Three common partitioning strategies exist at the storage/engine level:
| Strategy | How it splits data | Best for |
|---|---|---|
| Range | Value falls within a defined range | Dates, time series, sequential IDs |
| List | Value matches an explicit set of values | Country codes, categories, status flags |
| Hash | Hash of value modulo N buckets | High-cardinality columns with no natural range |
Hive-style partitioning is a directory naming convention used by Spark, Hive, and most lakehouse formats — it layers on top of these strategies.
Range Partitioning
Range partitioning assigns rows to partitions based on value ranges. The most common use case: partitioning by date.

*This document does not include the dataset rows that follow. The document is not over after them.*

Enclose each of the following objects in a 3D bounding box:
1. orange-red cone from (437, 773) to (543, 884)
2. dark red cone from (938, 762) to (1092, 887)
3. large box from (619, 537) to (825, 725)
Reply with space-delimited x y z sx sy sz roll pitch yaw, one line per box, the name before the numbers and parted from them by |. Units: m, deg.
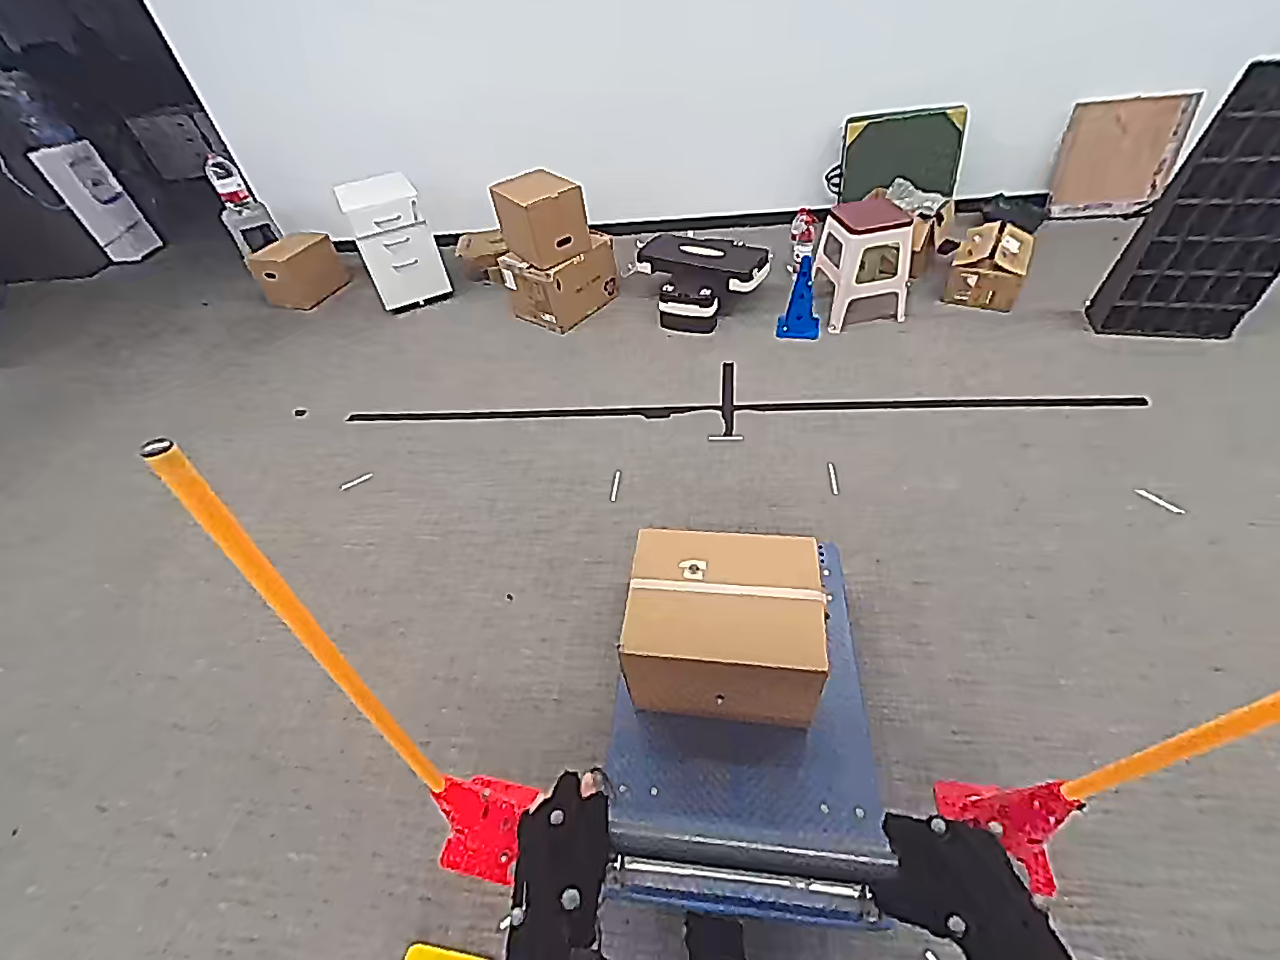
orange-red cone | -0.365 0.713 1.181 0.198 0.360 0.199 6 46 13
dark red cone | 0.760 0.638 1.056 0.201 0.394 0.202 1 47 7
large box | 0.190 0.348 1.250 0.408 0.320 0.320 1 47 11

-- PostgreSQL: range partition by order date
CREATE TABLE orders (
order_id BIGINT,
customer_id BIGINT,
order_date DATE,
amount NUMERIC
) PARTITION BY RANGE (order_date);
CREATE TABLE orders_2024_q1 PARTITION OF orders
FOR VALUES FROM ('2024-01-01') TO ('2024-04-01');
CREATE TABLE orders_2024_q2 PARTITION OF orders
FOR VALUES FROM ('2024-04-01') TO ('2024-07-01');
CREATE TABLE orders_2024_q3 PARTITION OF orders
FOR VALUES FROM ('2024-07-01') TO ('2024-10-01');
CREATE TABLE orders_2024_q4 PARTITION OF orders
FOR VALUES FROM ('2024-10-01') TO ('2025-01-01');
When you query WHERE order_date BETWEEN '2024-06-01' AND '2024-06-30', the planner reads only orders_2024_q2 — the other three partitions are skipped entirely.
Trade-offs:
- ✅ Excellent for time-series queries and date-bounded reporting
- ✅ Easy to archive or drop old data (drop a partition, not millions of rows)
- ❌ Vulnerable to partition skew if data isn't evenly distributed across ranges
- ❌ Poor for point lookups on non-partitioned columns
List Partitioning
List partitioning routes each row to a partition based on a discrete value. Useful when your filter column is low-cardinality (a handful of known values).
-- PostgreSQL: list partition by region
CREATE TABLE sales (
sale_id BIGINT,
region TEXT,
product_id INT,
revenue NUMERIC
) PARTITION BY LIST (region);
CREATE TABLE sales_europe PARTITION OF sales
FOR VALUES IN ('DE', 'FR', 'NL', 'ES', 'IT');
CREATE TABLE sales_americas PARTITION OF sales
FOR VALUES IN ('US', 'CA', 'BR', 'MX');
CREATE TABLE sales_apac PARTITION OF sales
FOR VALUES IN ('JP', 'AU', 'SG', 'IN');
A query like WHERE region = 'DE' will only touch sales_europe. Simple and effective.
Trade-offs:
- ✅ Clean isolation of logical data domains
- ✅ Easy per-region access controls and maintenance windows
- ❌ Adding new values (new regions) requires DDL changes
- ❌ Useless if queries don't filter on the partition column
Hash Partitioning
Hash partitioning applies a hash function to a column value and routes the row to hash(value) % N buckets. No natural order, no explicit value list — just even distribution.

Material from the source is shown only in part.